As for me, I don’t see any important asset sales if the airline
is to survive as anything significant. Thus, if US Air announces it’s
looking to sell selected assets, ask yourself whether it’s the beginning
of an orderly liquidation.
So, whether it’s by a sudden failure or an orderly sale of assets,
what will US Air’s demise mean?
First, the loss of US Air won’t be lamented even by some people
who lease them aircraft or finance their planes. If you’re a major
institution with a large portfolio of aircraft, you might be happy to
see US Air go out of business, figuring it will enhance the value of your
aircraft being operated by other airlines. Furthermore, major aircraft
owners have probably already taken their hickies on their financial statements
with regard to United Airlines and US Air, so the liquidation of either
of them might not have any balance sheet effect on the aircraft lessors.
In short, US Air’s demise could come quickly and without advance
warning. We could wake up some morning to find that management has shut
down the operation because advance booking weren’t generating enough
cash to make the numbers work.
The loss of US Air will be the single most important event to date in
the history of the airline industry, because I’ll bet that low cost
carriers will get their hands on most of the gates and slots at La Guardia
and Regan National. Just imagine how the competitive picture will look
everywhere east of the Mississippi if low cost carriers become the dominant
operators at La Guardia and Regan National.
Next, let’s go take the temperature over at United Airlines.

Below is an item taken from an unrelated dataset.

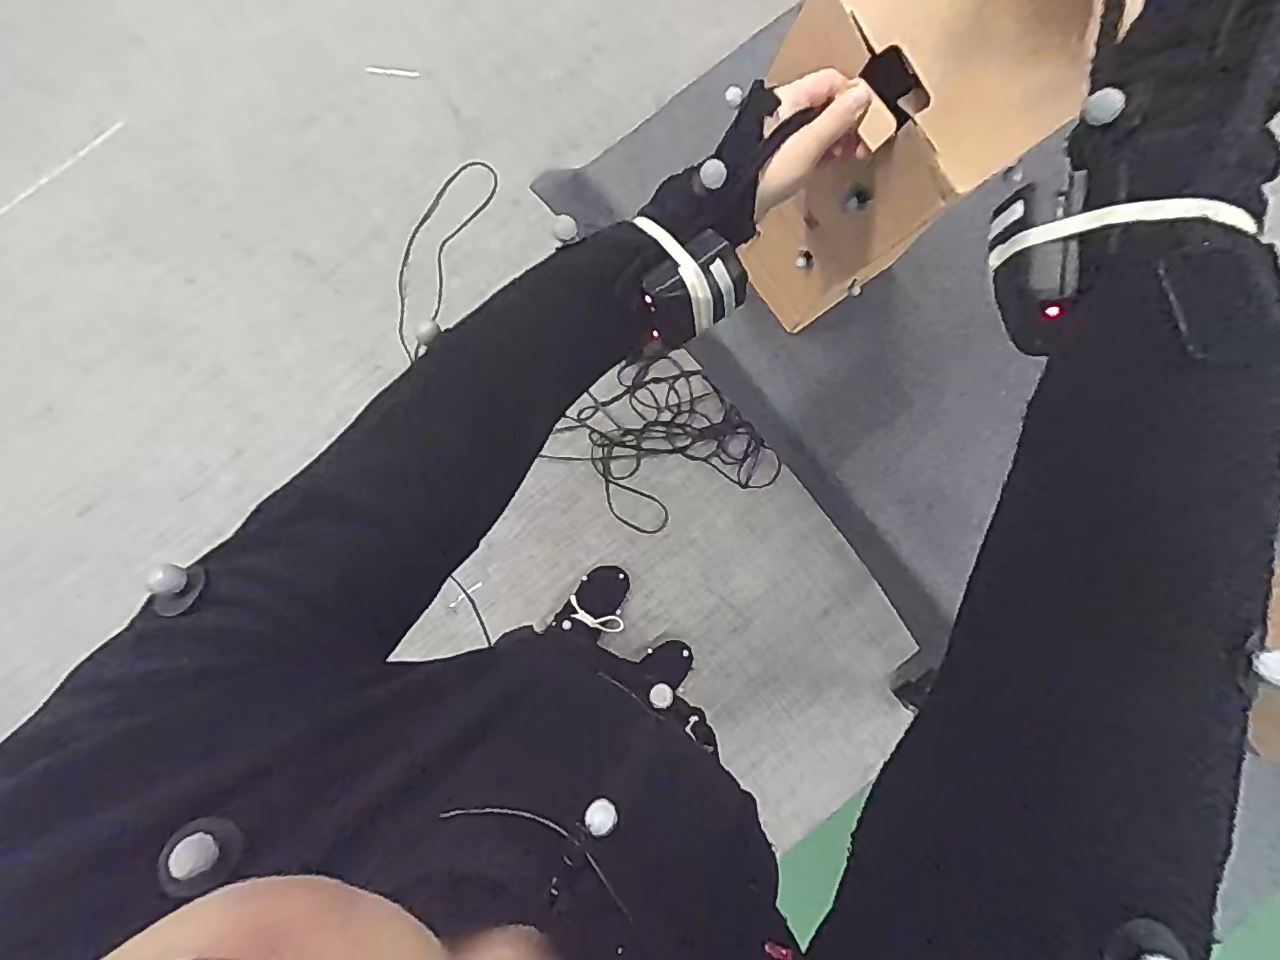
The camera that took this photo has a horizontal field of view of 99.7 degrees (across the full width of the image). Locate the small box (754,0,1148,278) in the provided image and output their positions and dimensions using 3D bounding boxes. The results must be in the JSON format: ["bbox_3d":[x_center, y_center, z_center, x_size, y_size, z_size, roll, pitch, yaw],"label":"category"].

In our last teleconference, I recommended that an airline in chapter 11
should plan to stay there for three years, until the rate of change in
the industry slows down. In another three months, UAL already will have
been in chapter 11 for two years. Right now, they are effectively beginning
their second reorganization.
Until now, the changes at UAL have been modest. They’ve battered
their employees and their aircraft owners, but the business plan is pretty
much the same and their costs are still among the highest. Until now,
their reorganization had been based on the idea of a huge government loan.
With Uncle Sam no longer in the picture, we can now expect UAL to take
out the knife and make some serious changes. If they don’t, I question
whether the airline will survive.
In terms of emerging from chapter 11, I had assumed that UAL would look
around for an equity investor who would have a controlling position in
the stock, much like Air Canada and US Air in its prior bankruptcy. Much
to my surprise, UAL said recently that it intends only to obtain exit
financing in the form of debt. At the behest of the creditors, United
is now attempting to reorganize so that the stock won’t be diluted.
After all, stock is the only thing that United can distribute to its creditors.
However, I have a major question about whether someone is going to put
1 or 2 billion dollars at risk where the best outcome is to recover your
principal and interest. Furthermore, if you’ve got that much money
at risk, you typically want some control over how the money is spent.
In short, it’s my guess that the investment community will demand
equity for the kind of bucks that United needs. We’ll just have
to stand by and see what happens.
On another front, two unions have a motion up for argument in October
to appoint a trustee over at United. The efforts by the unions to remove
management should not be dismissed out of hand. In addition, other creditors
may be critical of management for spending nearly two years in pursuit
of government loan guarantees based on business plans that were fundamentally
flawed. In any event, replacing management would not be easy. Who from
the outside with substantial airline experience would want the job? Given
how top management at network carriers have been taking pay cuts, becoming
UAL’s CEO would mean working 18 hours a day for comparatively low
compensation with the possibility of taking the blame if the company fails.
Anyway, good people have already been leaving the industry. The CFO at
American Airlines left more than a year ago, and Delta’s CFO left
this spring. Both went to other industries. That in itself doesn’t
say much good about the airline industry.